Parvati Kunda was surveyed three times, in November 2016 and in February and May 2017.  Surveys for particular taxa groups were conducted when seasonally appropriate.  Vegetation and physicochemical parameters were measured in 18 quadrats within the wetland, and others were analyzed in a subset of 10 for macroinvertebrates and 12 nutrient quadrats. 

Wetland Vegetation

The locations of vegetation quadrats within Parvati Kunda included the inflow plus 17 randomly determined locations from ArcGIS (ESRI 2014; Fig. 3b).  Vegetation surveys included areas that were permanently inundated with emergent or floating macrophytic vegetation, but excluded open water, i.e., the areas inundated but lacking emergent macrophytic vegetation.  Open water was excluded from the location generator using satellite imagery and ArcGIS (ESRI 2014; Google Earth 2016).  No survey site was more than 0.7m deep and all could be accessed by wading.  Vegetation surveys were conducted in November and May only.  February was excluded because there was minimal vegetation growth.  Quadrat-based sampling was applied to the vegetation study using 0.5m² square quadrats and plants were identified using standard taxonomic keys (Malla et al. 1976).  Unidentified species were collected in herbarium sheets for identification by experts at the National Herbarium in Godavari.  Per cent cover of each species was visually estimated and the number of individuals of each species was counted.  For rhizomous species such as Juncus leucanthus or Acorus calamus, where multiple shoots might be connected by a single root system, individual shoots were counted to avoid digging up the entire plant.  In cases where moss was present, the number of individuals were counted in three 10cm x 10cm sample plots and used to calculate the average number of individuals per square metre.  This was used to estimate the number of individuals in quadrats.

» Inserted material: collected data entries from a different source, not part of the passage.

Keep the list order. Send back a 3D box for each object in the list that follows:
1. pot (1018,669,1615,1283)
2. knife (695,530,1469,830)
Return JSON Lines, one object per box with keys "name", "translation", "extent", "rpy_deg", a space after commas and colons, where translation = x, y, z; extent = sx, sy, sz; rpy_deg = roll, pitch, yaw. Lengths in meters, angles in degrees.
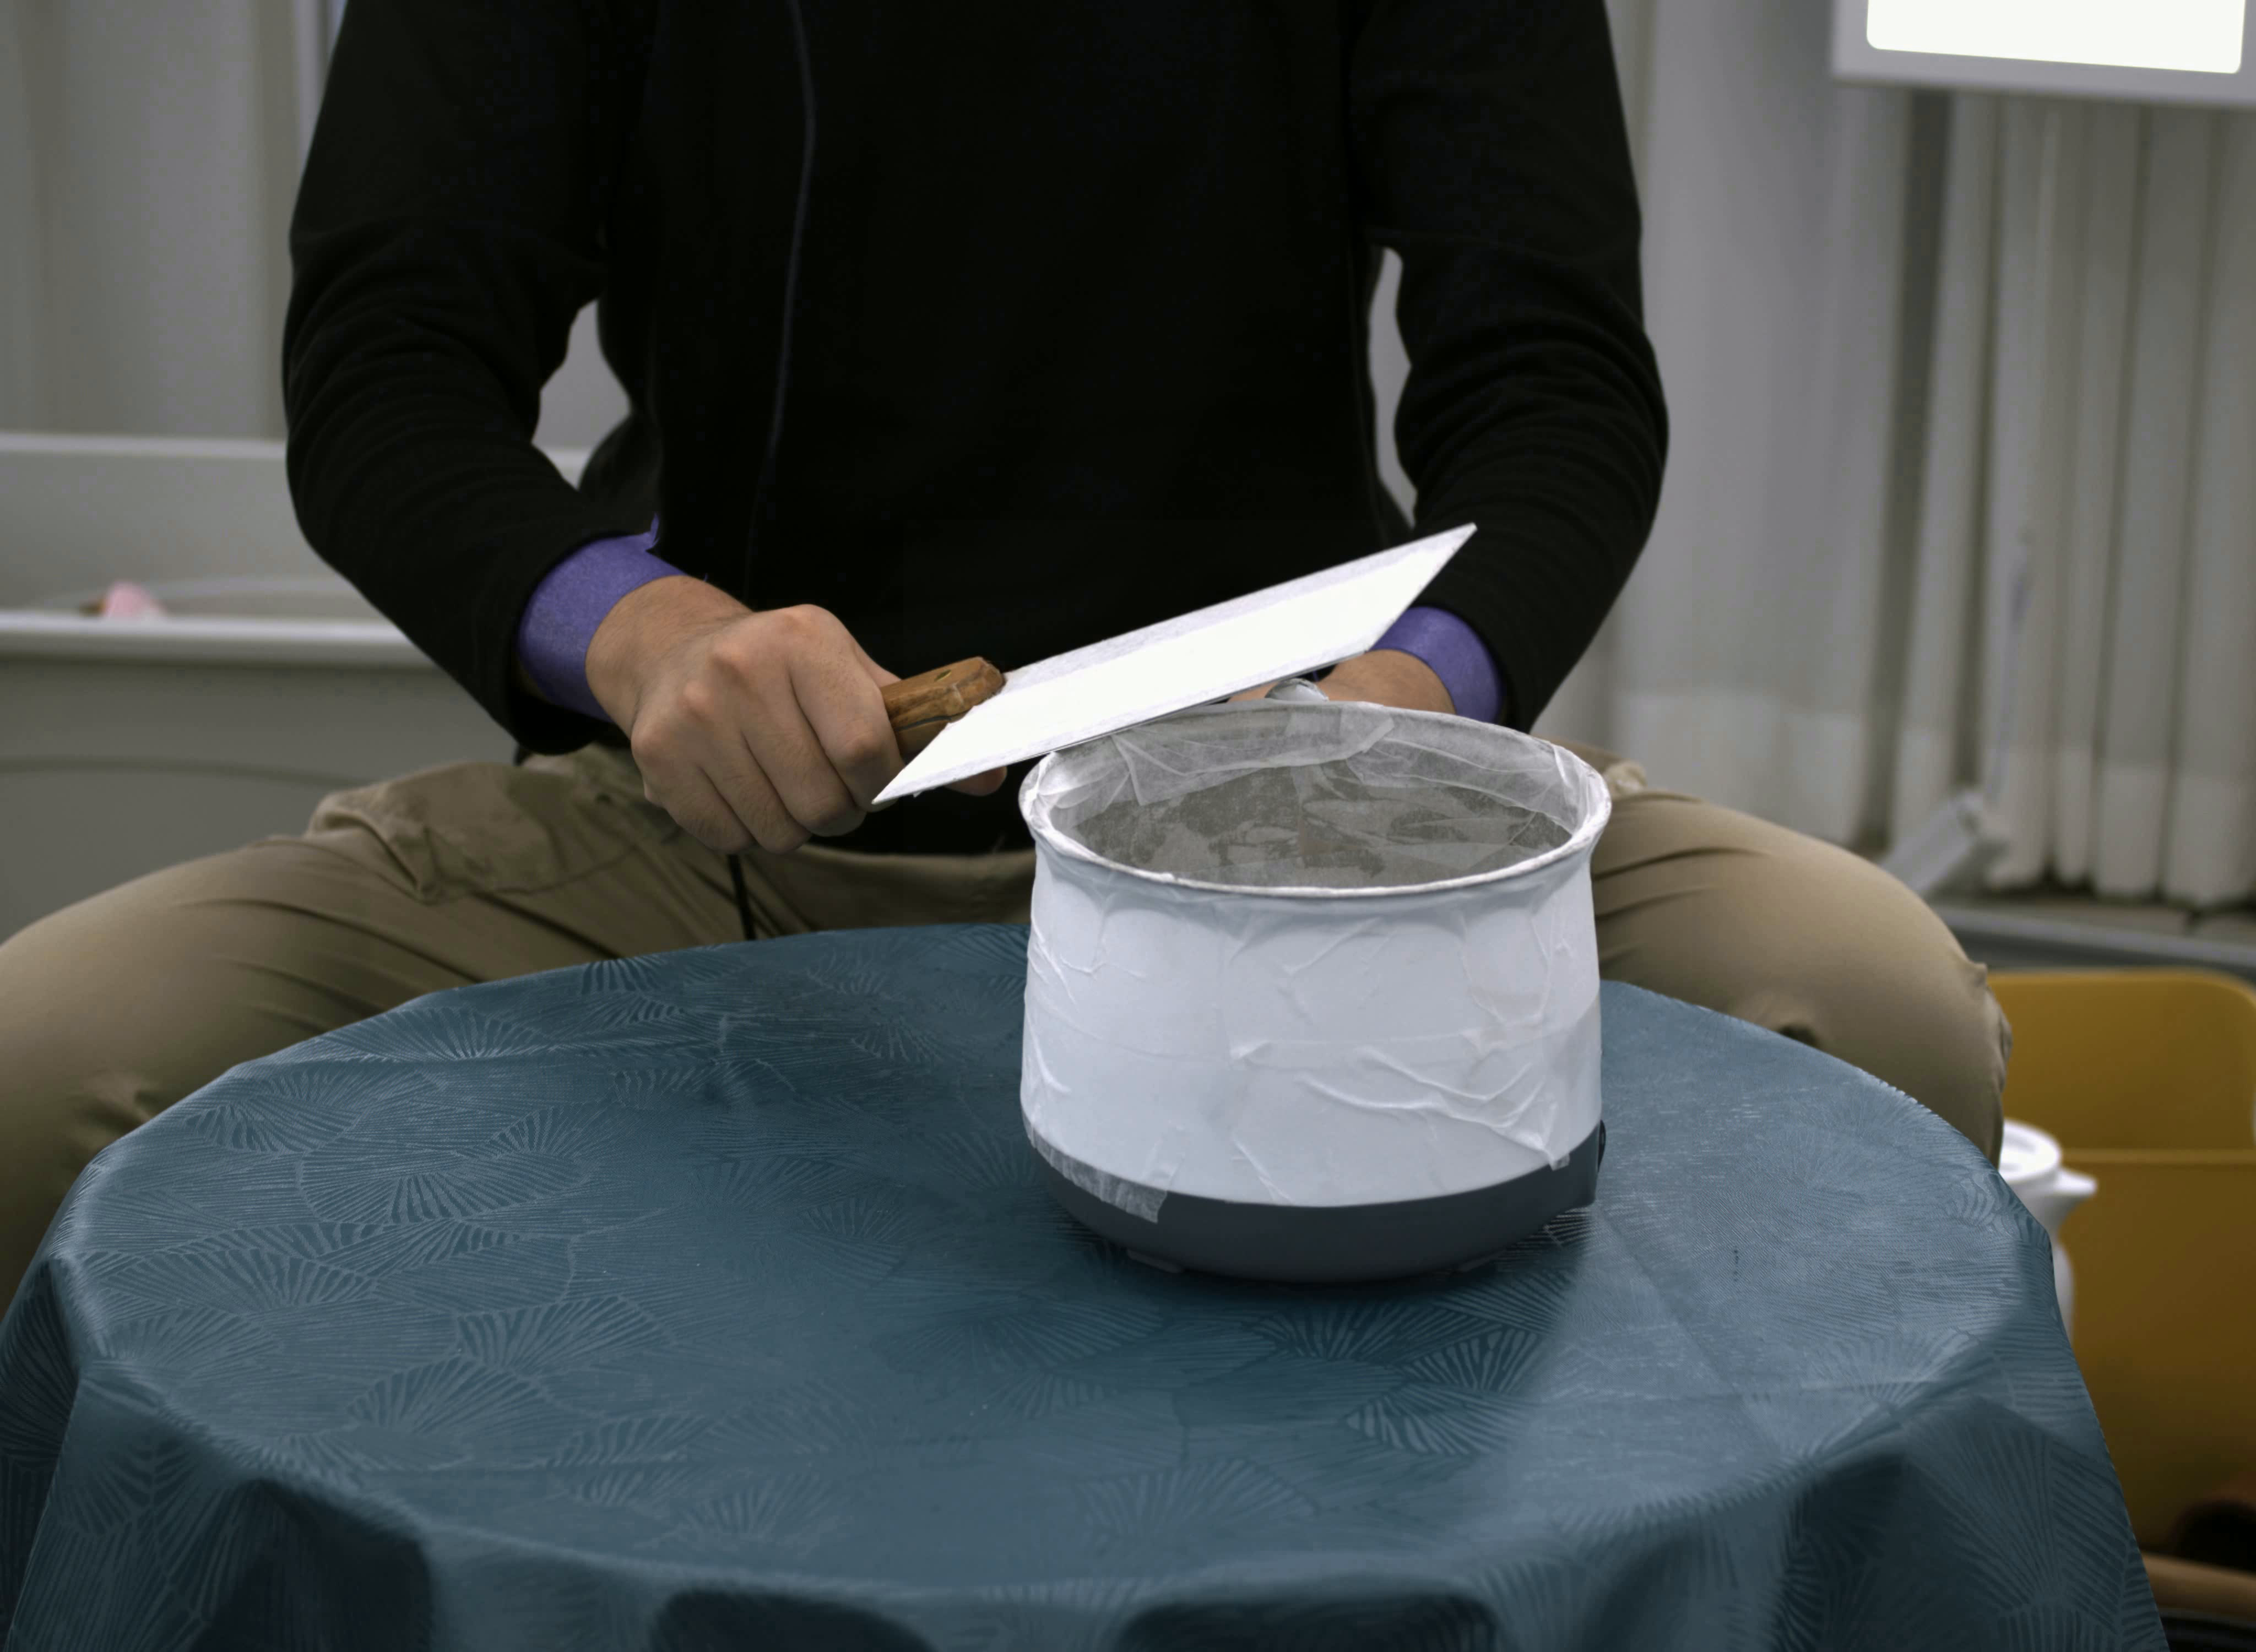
{"name": "pot", "translation": [0.054, 0.039, 1.607], "extent": [0.178, 0.138, 0.232], "rpy_deg": [0, 20, -4]}
{"name": "knife", "translation": [-0.030, -0.037, 1.656], "extent": [0.303, 0.021, 0.093], "rpy_deg": [-17, 17, 35]}

Specific information about the proliferation of A. calamus in Parvati Kunda over the last 20 years was gathered during conversations with community members.  Such local accounts are considered important to understand changes in Parvati Kunda over time since prior published data on wetland vegetation does not exist to the best of our knowledge.  Before commencing biodiversity surveys, the researchers interviewed seven high-profile community leaders specifically about water resources in the village.  Further insight into questions about changes in Parvati Kunda could be obtained from 31 household surveys that were conducted in conjunction with another study during this time.

Riparian Trees

Four circular riparian tree plots were created on the northern, southwestern, southern, and northeastern sides of the wetland (Fig. 3c).  The plots measured 5m in radius, 78.54m² in area, covering at least 5% of the riparian area as defined by the wetland boundary wall.  Trees with a diameter at breast height greater than 10cm were identified and counted.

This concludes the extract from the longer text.